Or to make everyone happy you could switch to the 1 1/8 ounce game load that is $69 a case at cabelas....


----------



## Fish Jockey (Mar 16, 2005)

*Rio's*

Rio is a good load. Only down fall is the dirty burning powder.
G.


----------



## panhandler (Aug 1, 2013)

They have 1, 1 1/8, and 1 1/4 at Academy for $54.90, just make sure to read the case and check the individual boxes to make sure all are what you want, not going to find them anywhere else for less and I bet they don't restock, one time deal


----------



## catfishinbeerdrinkin (May 3, 2011)

osoobsessed said:


> Switch to a full choke if they are flying that high, watch your lead and adjust from there. Cheers.
> 
> I use a full choke to


----------



## nate56 (Dec 11, 2010)

panhandler said:


> They have 1, 1 1/8, and 1 1/4 at Academy for $54.90, just make sure to read the case and check the individual boxes to make sure all are what you want, not going to find them anywhere else for less and I bet they don't restock, one time deal


You need to go back and buy every 1-1/4 ounce Rio you see if it was that cheap and if it was high brass... that's way below cost..


----------



## catfishinbeerdrinkin (May 3, 2011)

That ain't no lie


----------



## Capt. Marcus Canales (Aug 25, 2005)

catfishinbeerdrinkin said:


> osoobsessed said:
> 
> 
> > Switch to a full choke if they are flying that high, watch your lead and adjust from there. Cheers.
> ...


----------



## SSST (Jun 9, 2011)

I was at the Victoria Academy a couple of hours ago and ALL the cases that were 54.90 there were 1 oz shot, I looked for a little while then asked an employee and he confirmed. So yeah, if you actually saw some 1 1/4 you better stock up before they realize their mistake.


----------



## kweber (Sep 20, 2005)

cheapos for me.. more shootin'...
teal, too... a limit in 10min sux...
hell, I'd put a blank in onct' while loaded by my hentes jus' for fun....
where's the fun w/15 shells/limit....


----------



## nate56 (Dec 11, 2010)

is that English...:biggrin:


----------



## Capt. Marcus Canales (Aug 25, 2005)

nate56 said:


> is that English...:biggrin:


For weber....ya.....but you gotta know him. 
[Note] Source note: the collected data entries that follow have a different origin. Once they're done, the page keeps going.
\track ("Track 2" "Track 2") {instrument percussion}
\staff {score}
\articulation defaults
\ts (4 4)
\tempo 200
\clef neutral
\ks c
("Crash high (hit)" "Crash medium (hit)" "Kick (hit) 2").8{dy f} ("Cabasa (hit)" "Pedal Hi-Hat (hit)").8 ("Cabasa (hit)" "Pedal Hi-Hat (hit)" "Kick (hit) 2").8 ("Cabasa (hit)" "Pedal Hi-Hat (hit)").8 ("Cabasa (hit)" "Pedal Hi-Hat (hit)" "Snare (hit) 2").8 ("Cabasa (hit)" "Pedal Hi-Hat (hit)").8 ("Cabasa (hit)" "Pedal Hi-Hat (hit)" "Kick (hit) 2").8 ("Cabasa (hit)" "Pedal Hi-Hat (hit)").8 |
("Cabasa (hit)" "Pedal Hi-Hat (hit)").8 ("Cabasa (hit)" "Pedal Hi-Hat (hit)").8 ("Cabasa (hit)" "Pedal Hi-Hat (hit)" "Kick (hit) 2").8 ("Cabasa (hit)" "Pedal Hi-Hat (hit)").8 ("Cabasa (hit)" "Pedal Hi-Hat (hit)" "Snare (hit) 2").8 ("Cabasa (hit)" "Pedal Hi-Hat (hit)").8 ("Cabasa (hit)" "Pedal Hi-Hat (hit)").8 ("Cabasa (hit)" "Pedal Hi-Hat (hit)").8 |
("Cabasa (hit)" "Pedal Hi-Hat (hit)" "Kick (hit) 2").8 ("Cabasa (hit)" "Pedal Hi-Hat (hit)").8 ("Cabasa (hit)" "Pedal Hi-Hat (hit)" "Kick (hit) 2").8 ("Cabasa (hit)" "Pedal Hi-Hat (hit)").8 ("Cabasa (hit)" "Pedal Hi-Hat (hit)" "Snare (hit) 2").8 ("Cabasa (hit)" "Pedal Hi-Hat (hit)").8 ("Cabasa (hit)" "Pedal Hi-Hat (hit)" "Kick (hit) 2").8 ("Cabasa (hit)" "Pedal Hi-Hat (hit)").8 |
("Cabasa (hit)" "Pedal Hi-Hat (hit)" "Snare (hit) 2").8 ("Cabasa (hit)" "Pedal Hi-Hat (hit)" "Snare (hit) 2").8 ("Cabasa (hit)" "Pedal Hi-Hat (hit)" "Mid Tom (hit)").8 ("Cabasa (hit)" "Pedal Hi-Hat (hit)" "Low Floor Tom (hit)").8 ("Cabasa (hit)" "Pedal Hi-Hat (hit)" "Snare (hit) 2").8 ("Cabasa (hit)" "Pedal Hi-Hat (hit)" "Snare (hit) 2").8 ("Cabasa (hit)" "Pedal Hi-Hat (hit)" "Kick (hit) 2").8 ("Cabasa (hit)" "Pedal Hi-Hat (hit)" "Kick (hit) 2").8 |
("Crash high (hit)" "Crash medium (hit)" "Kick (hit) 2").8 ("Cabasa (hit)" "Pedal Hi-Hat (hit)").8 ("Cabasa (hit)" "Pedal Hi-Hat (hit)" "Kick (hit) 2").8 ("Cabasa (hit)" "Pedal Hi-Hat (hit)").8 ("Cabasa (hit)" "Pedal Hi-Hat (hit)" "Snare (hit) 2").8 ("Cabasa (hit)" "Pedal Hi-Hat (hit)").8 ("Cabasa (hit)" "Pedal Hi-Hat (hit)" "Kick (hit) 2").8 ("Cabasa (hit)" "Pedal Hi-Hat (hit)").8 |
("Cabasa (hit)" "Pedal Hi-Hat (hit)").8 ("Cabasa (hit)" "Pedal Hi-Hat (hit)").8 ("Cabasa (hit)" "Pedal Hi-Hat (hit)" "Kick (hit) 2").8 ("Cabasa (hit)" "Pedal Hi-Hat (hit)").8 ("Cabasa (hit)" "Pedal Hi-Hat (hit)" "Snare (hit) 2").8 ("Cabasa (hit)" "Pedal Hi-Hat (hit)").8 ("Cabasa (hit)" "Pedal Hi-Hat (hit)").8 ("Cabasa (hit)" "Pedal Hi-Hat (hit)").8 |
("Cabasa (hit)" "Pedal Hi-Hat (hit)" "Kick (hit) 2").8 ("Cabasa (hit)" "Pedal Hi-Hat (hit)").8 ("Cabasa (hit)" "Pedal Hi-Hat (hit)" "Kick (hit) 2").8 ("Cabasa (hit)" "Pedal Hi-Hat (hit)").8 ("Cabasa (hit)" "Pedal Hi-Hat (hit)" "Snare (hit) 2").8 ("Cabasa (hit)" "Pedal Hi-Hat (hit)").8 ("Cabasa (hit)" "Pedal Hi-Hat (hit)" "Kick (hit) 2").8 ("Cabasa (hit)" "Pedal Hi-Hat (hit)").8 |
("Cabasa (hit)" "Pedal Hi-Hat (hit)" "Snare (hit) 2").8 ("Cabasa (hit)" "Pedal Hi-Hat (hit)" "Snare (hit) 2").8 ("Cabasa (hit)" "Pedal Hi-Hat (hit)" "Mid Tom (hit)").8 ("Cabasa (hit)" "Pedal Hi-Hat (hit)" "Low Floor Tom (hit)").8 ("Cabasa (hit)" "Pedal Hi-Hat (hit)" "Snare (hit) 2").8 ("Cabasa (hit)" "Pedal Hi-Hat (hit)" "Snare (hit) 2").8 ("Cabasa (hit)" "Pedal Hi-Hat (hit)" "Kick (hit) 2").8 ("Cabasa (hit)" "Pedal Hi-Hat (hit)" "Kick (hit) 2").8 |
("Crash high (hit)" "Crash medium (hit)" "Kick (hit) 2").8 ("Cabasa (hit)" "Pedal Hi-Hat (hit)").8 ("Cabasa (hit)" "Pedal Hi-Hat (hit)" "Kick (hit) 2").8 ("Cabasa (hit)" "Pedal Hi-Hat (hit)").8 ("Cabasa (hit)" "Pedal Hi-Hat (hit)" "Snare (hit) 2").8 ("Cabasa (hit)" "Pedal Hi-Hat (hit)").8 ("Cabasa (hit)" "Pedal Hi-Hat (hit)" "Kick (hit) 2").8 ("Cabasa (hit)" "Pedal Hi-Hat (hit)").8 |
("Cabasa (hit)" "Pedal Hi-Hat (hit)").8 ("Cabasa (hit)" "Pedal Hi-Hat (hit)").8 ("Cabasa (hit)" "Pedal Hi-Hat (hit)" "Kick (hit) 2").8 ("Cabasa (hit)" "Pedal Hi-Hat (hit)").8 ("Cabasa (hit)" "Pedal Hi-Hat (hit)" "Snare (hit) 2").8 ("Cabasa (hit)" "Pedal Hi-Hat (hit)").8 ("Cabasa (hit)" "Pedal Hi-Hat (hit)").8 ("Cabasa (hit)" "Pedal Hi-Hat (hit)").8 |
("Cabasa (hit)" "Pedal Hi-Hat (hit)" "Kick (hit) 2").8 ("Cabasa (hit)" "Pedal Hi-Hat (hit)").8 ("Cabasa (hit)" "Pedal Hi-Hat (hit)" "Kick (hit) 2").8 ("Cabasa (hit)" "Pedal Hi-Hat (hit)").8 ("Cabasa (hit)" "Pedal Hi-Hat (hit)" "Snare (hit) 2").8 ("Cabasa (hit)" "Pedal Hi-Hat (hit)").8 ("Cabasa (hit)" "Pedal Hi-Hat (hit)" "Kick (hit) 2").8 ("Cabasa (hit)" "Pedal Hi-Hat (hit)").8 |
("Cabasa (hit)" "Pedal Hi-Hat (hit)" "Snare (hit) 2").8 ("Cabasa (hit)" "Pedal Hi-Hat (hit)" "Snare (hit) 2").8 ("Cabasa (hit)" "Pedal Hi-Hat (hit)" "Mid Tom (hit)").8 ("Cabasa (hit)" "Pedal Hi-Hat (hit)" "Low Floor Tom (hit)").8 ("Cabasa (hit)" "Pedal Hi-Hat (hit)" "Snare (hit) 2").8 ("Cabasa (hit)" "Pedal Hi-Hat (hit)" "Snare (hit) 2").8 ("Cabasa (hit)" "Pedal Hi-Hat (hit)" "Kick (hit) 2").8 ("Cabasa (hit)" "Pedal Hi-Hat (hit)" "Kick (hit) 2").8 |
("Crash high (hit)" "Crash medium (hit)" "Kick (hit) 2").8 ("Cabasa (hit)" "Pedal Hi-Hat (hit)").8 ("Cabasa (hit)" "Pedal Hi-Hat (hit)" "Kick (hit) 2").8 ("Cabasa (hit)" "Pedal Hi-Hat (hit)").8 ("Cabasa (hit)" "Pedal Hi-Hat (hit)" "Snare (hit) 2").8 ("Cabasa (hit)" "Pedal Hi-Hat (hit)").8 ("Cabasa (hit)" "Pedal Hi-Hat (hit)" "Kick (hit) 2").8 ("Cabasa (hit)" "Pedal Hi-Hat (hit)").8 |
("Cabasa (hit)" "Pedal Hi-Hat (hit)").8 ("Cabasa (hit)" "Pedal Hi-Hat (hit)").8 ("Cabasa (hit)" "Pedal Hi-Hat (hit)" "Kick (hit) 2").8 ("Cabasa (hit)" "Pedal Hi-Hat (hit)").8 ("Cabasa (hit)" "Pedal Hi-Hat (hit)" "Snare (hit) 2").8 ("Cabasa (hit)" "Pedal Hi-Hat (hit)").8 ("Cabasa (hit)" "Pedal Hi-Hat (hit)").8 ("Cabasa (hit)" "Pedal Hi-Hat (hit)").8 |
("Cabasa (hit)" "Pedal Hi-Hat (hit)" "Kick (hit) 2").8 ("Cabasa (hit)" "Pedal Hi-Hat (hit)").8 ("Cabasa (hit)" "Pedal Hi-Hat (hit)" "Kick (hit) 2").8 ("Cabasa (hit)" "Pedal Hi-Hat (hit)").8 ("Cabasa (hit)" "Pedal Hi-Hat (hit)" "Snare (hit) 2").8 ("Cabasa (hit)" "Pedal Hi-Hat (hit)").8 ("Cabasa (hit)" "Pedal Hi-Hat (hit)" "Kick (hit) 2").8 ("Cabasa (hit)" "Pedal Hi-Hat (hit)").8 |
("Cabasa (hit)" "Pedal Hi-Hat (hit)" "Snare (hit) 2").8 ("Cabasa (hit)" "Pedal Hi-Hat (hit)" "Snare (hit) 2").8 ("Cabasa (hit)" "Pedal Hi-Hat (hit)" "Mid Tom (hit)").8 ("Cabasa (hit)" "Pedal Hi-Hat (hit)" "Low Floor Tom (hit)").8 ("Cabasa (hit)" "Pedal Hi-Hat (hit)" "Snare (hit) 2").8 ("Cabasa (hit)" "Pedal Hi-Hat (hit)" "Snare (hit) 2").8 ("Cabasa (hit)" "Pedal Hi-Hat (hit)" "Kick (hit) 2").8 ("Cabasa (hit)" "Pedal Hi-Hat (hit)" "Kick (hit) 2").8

Sent from my mobile T&A viewer


----------



## Spec-Rig.006 (Nov 2, 2007)

[email protected] said:


> I'd recommend buying one box and patterning the load before buying a case.


They're dove, not turkey.



catfishinbeerdrinkin said:


> Rios seem pretty hot I like the 1 1/4 oz 7.5s


Perfect.


----------



## David Burke (Dec 27, 2005)

*RIO*

Keep in mind that those are NOT the HOT Shells, they are the low brass, go to ABLE ARMS in Huntsville as they are the local distributor... More like $78 for the hot loads...:clover:


----------



## panhandler (Aug 1, 2013)

Keep in mind these are the hot shells, how about everyone stop saying it can't be true and go save $15 a case


----------



## marshhunter (Mar 20, 2008)

panhandler said:


> Keep in mind these are the hot shells, how about everyone stop saying it can't be true and go save $15 a case


where did you buy these? were there any left?

KEEP CALM AND CHIVE ON!!


----------



## panhandler (Aug 1, 2013)

Academy on I-10 between bunker hill and Gessner, haven't been in there for a few days, don't know if any are left


----------



## daddyeaux (Nov 18, 2007)

The man is right! I bought 6 cases, 2 cases 11/4 oz #8 that are the high brass and 4 cases 1 oz #7.5 that are the low brass.
By the way, the Academy on W. 34th only has the 7.5 left......hehehehe


----------



## SSST (Jun 9, 2011)

I wish the stockers in the Victoria Academy would put the better ones out, they are ALL 1 oz shot down there.


----------



## nate56 (Dec 11, 2010)

...you get the 3-3/4 dram instead of the that 3-1/4 then you'll be shooting hot...just got my 3 pallets in if you wanna try a box...trust me you can tell the difference...give me a holler if you'd like a box..they are BAADDD..


----------



## peelin' drag (Oct 21, 2005)

Yep. If you got the 1 1/4 for $54.90, you won. The Beaumont Academy was having non of this.


SSST said:


> I was at the Victoria Academy a couple of hours ago and ALL the cases that were 54.90 there were 1 oz shot, I looked for a little while then asked an employee and he confirmed. So yeah, if you actually saw some 1 1/4 you better stock up before they realize their mistake.


----------



## panhandler (Aug 1, 2013)

Where do you buy pallets of shells? I might be needing a lot of target loads


----------



## Johnny9 (Sep 7, 2005)

*Best Deal ever made-their mistake*

Many years ago at Oshmond's on Katy Freeway I went to buy shells for dove season. Think they were about $4.99 per box so I picked up 2 boxes of 12 guage and 2 boxes of 20 guage and when I got to checkout the little oriental girl said 4 boxes at $4.99 will be about $20 + tax. Asked her to hold on and went back and got 2 more boxes of each guage.


----------



## bjones2571 (May 2, 2007)

Do you mean you picked up 2 cases/flats of 12 and 20?


----------



## nate56 (Dec 11, 2010)

panhandler said:


> Where do you buy pallets of shells? I might be needing a lot of target loads


I'm a Rio dealer...between the shells we use and all our customers I figured years ago to do it..


----------



## kweber (Sep 20, 2005)

osoobsessed said:


> For weber....ya.....but you gotta know him.
> 
> Sent from my mobile T&A viewer


1oz cheaps is good enuff..
I like to shoot and we usually get enough for a big pot of dove an dumplins....
if we find a chile petine bush, we'll make a lil' salsa that'll make ya sweat... keep lotsa bevs iced to keep things cool'd down.


----------